Fed’s Clarida Acknowledges ‘Much More Than Moderate Overshoot’ of Inflation Target
Federal Reserve Vice Chairman Richard Clarida said on Nov. 8 that inflation this year has been far higher than the Fed expected, and while he still believes inflationary pressures are transitory and will dissipate “over time,” a longer run of elevated prices would amount to a policy failure on the part of the central bank.
Clarida made the remarks in a speech at a virtual symposium on monetary policy frameworks hosted by the Washington-based Brookings Institution.
“Let me be clear on two points.
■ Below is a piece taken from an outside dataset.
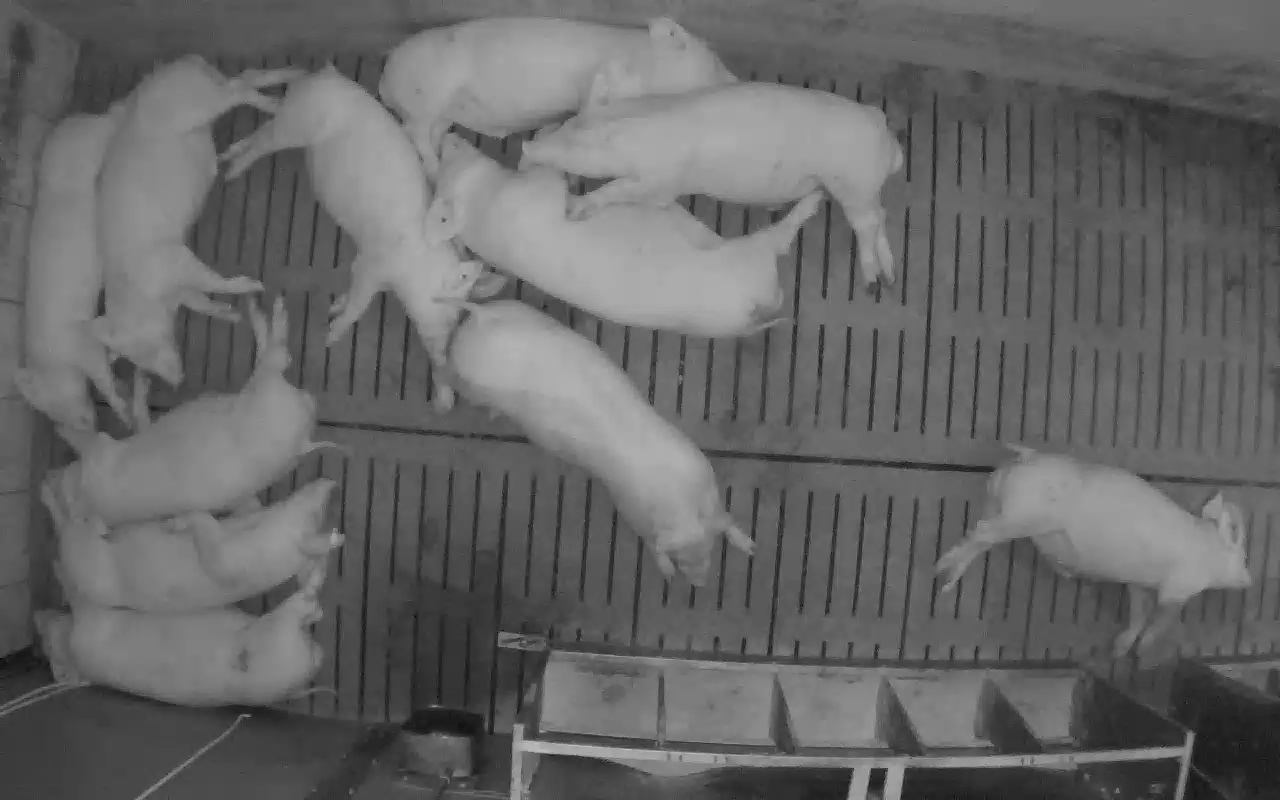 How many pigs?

11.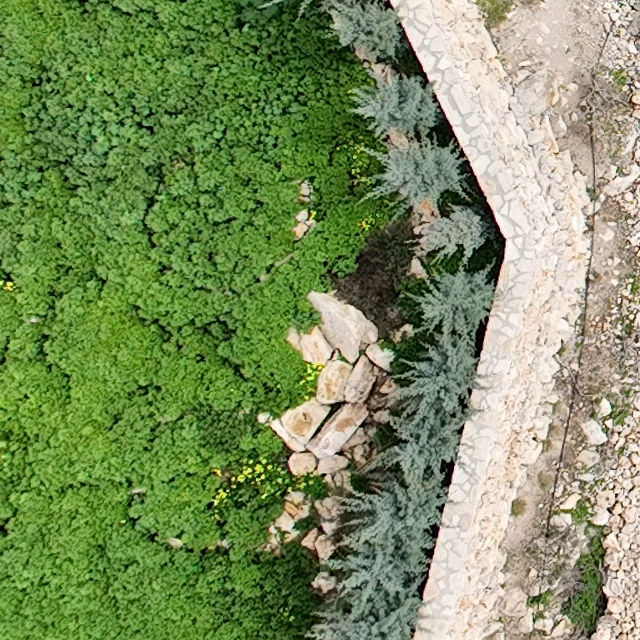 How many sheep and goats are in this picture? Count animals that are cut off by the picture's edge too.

First, realized PCE inflation so far this year represents, to me, much more than a ‘moderate’ overshoot of our 2 percent longer-run inflation objective, and I would not consider a repeat performance next year a policy success,” he said.
“Second, as always, there are risks to any outlook, and I and 12 of my colleagues believe that the risks to the outlook for inflation are to the upside.”
His remarks come as the Fed’s preferred inflation gauge, the so-called core PCE price index, rose in the 12 months through September at a pace of 3.6 percent, according to the most recent Commerce Department data, released on Oct. 29. The 3.6 percent core PCE growth in the year through September matched the June, July, and August figures, indicating that inflation stuck at its highest annual level in 30 years for the fourth month in a row.
Clarida said he expects core PCE inflation to run “at least” 3.7 percent for all of 2021, before reverting to 2.3 percent in 2022, 2.2 percent in 2023, and 2.1 percent in 2024.
“The baseline outlook for inflation over the three-year projection window reflects the judgment, shared with many outside forecasters, that under appropriate monetary policy, most of the inflation overshoot relative to the longer-run goal of 2 percent will, in the end, prove to be transitory,” he said.
Blaming “substantial” imbalances between supply and demand, including labor supply, for pushing inflation higher, Clarida said he expects that “these imbalances are likely to dissipate over time as the labor market and global supply chains eventually adjust and, importantly, do so without putting persistent upward pressure on price inflation and wage gains adjusted for productivity.”
A number of economists have warned that if the Fed is too far behind the curve on acting to tame surging inflation, it could force the central bank to take more drastic steps later and upend markets.
Queen’s College President and economist Mohamed El-Erian, in an Oct. 25 Bloomberg op-ed, urged the Fed to abandon its “transitory” inflation narrative and take decisive measures to rein in inflation—or risk serious consequences.
El-Erian said he fears that Fed officials will double down on the transitory framing rather than cast it aside, raising the probability of the central bank “having to slam on the monetary policy brakes down the road—the ‘handbrake turn.’”
“A delayed and partial response initially, followed by big catch-up tightening—would constitute the biggest monetary policy mistake in more than 40 years,” El-Erian argued, adding that it would “unnecessarily undermine America’s economic and financial well-being” while also sending “avoidable waves of instability throughout the global economy.”
At their most recent policy meeting, Fed officials voted to leave interest rates unchanged but opted to proceed with a gradual rollback of the central bank’s massive bond-buying program.
Clarida said in his remarks to the conference that, while “we are clearly a ways away from considering raising interest rates,” if his prediction for the PCE inflation rate holds, as do Fed forecasts for a drop in the unemployment rate to 3.8 percent by the end of 2022, then he believes the necessary conditions will be met for a rate increase by the end of 2022.